HDFS How to Remove Directory
Removing a directory in HDFS is easy. You can do this from the command line with any of the following commands:
hdfs dfs -rm -r hdfs://my-host1:50070/my-dir1 hadoop dfs -rm -r hdfs://my-host1:50070/my-dir1 hdfs dfs -rmdir hdfs://my-host1:50070/my-dir1
The key here is the use of the “-r” flag. This isn’t needed if you are deleting regular files. To delete a directory with the “-rm” command, you need to specify that the deletion is recursive. It is important to note that this will remove anything under the directory including subdirectories which does make a lot of sense. The “-rmdir” command is another option.

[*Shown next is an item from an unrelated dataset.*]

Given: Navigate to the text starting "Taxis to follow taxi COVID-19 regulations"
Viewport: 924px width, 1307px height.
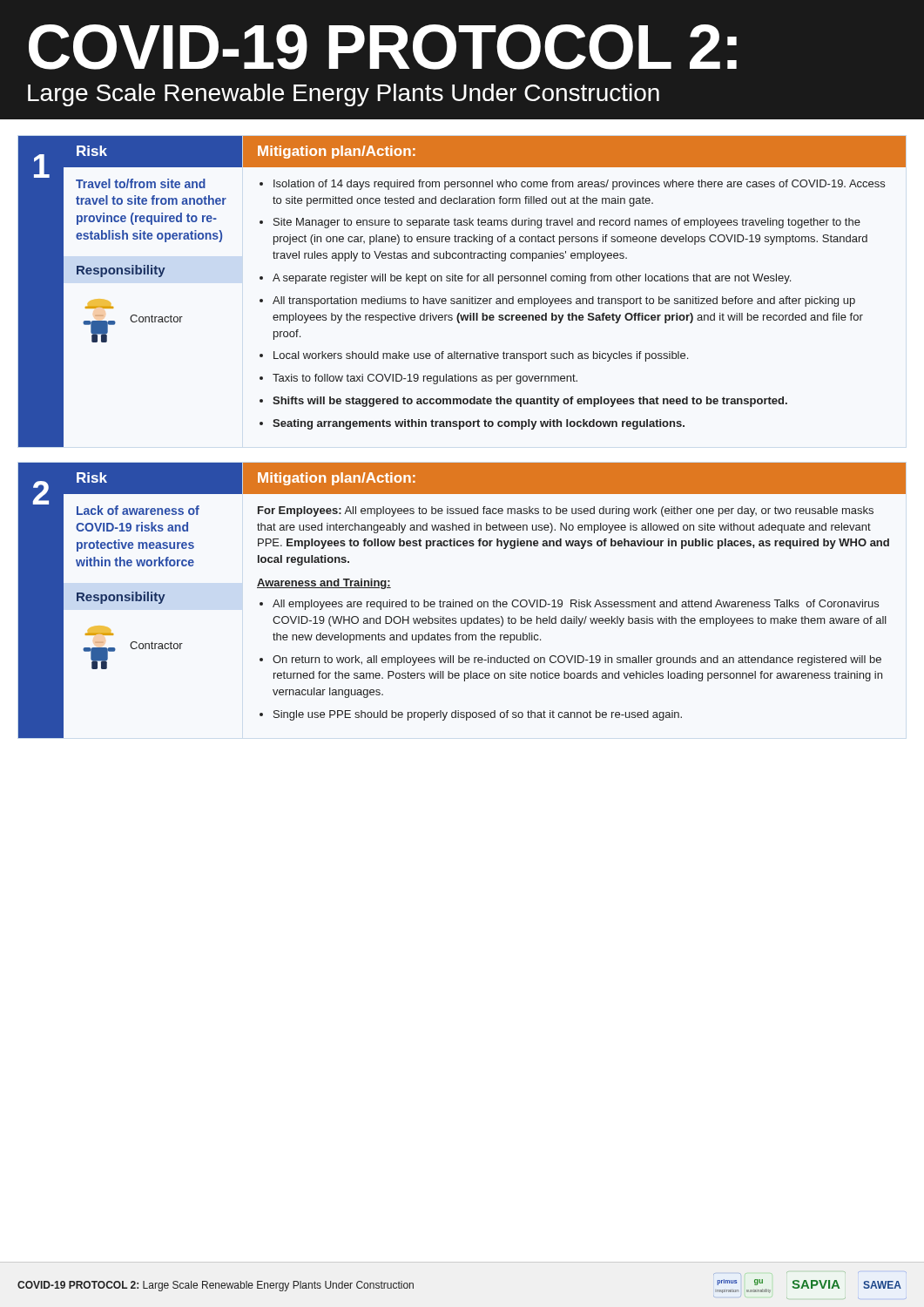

To learn more, check out our Hadoop HDFS commands guide HERE.
You can skip the trash if you use the “-skipTrash” option. Anything deleted will be deleted permanently. It works like this:
hdfs dfs -rm -r -skipTrash hdfs://my-host1:50070/my-dir1
For extra safety, you can ask to be prompted if the deletion will remove over a certain number of files ( hadoop.shell.delete.limit.num.files).
hdfs dfs -rm -r -safelyask hdfs://my-host1:50070/my-dir1
Removing A File From HDFS With Special Chars Like a Space or Comma
If you have special characters in your path, you can just escape them with a backslash like this:
hdfs dfs -rm -r hdfs://my-host1:50070/my-dir1/another\,\ subdir
The “-rmr” dfs command is deprecated. You may find references to this command in outdated guides and on forums but it has been deprecated. Apparently this has been the case since Hadoop 2.6.
hadoop dfs -rmr hdfs://my-host1:50070/my-dir1